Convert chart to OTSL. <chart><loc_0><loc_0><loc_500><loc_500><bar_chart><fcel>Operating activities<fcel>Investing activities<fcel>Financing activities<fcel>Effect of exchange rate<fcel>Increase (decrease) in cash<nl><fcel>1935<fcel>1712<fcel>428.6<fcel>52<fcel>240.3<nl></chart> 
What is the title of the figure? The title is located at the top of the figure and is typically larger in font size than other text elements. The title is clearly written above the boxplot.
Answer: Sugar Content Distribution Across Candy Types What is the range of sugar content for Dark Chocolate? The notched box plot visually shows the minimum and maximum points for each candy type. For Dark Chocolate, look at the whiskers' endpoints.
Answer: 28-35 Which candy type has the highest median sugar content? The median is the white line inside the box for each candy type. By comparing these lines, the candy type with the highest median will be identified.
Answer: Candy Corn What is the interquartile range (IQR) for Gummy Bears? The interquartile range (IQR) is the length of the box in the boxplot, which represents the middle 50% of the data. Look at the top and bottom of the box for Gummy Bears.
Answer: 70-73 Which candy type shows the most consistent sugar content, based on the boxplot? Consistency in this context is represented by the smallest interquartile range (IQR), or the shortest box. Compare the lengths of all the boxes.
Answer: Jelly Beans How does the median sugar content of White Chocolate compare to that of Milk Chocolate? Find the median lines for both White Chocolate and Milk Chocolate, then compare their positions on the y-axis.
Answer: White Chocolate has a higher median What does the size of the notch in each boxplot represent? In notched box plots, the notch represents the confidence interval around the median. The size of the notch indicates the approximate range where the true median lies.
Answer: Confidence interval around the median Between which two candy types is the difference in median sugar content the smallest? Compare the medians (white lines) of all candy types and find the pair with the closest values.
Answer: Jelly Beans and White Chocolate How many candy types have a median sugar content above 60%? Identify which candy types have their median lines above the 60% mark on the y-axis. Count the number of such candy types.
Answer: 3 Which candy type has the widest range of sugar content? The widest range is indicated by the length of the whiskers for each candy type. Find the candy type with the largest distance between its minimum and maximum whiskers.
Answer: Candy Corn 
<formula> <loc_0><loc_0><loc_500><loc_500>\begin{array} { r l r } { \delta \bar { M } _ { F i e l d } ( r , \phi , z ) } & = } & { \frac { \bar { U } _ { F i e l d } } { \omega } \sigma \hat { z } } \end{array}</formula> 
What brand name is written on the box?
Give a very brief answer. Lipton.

※ ※ ※

An exact copy of every line from the one containing "Answer: Jelly Beans and" through the last line of the entries is required; please add nothing.

• _Answer to the exercise_
Answer: Jelly Beans and White Chocolate How many candy types have a median sugar content above 60%? Identify which candy types have their median lines above the 60% mark on the y-axis. Count the number of such candy types.
Answer: 3 Which candy type has the widest range of sugar content? The widest range is indicated by the length of the whiskers for each candy type. Find the candy type with the largest distance between its minimum and maximum whiskers.
Answer: Candy Corn 
<formula> <loc_0><loc_0><loc_500><loc_500>\begin{array} { r l r } { \delta \bar { M } _ { F i e l d } ( r , \phi , z ) } & = } & { \frac { \bar { U } _ { F i e l d } } { \omega } \sigma \hat { z } } \end{array}</formula> 
What brand name is written on the box?
Give a very brief answer. Lipton.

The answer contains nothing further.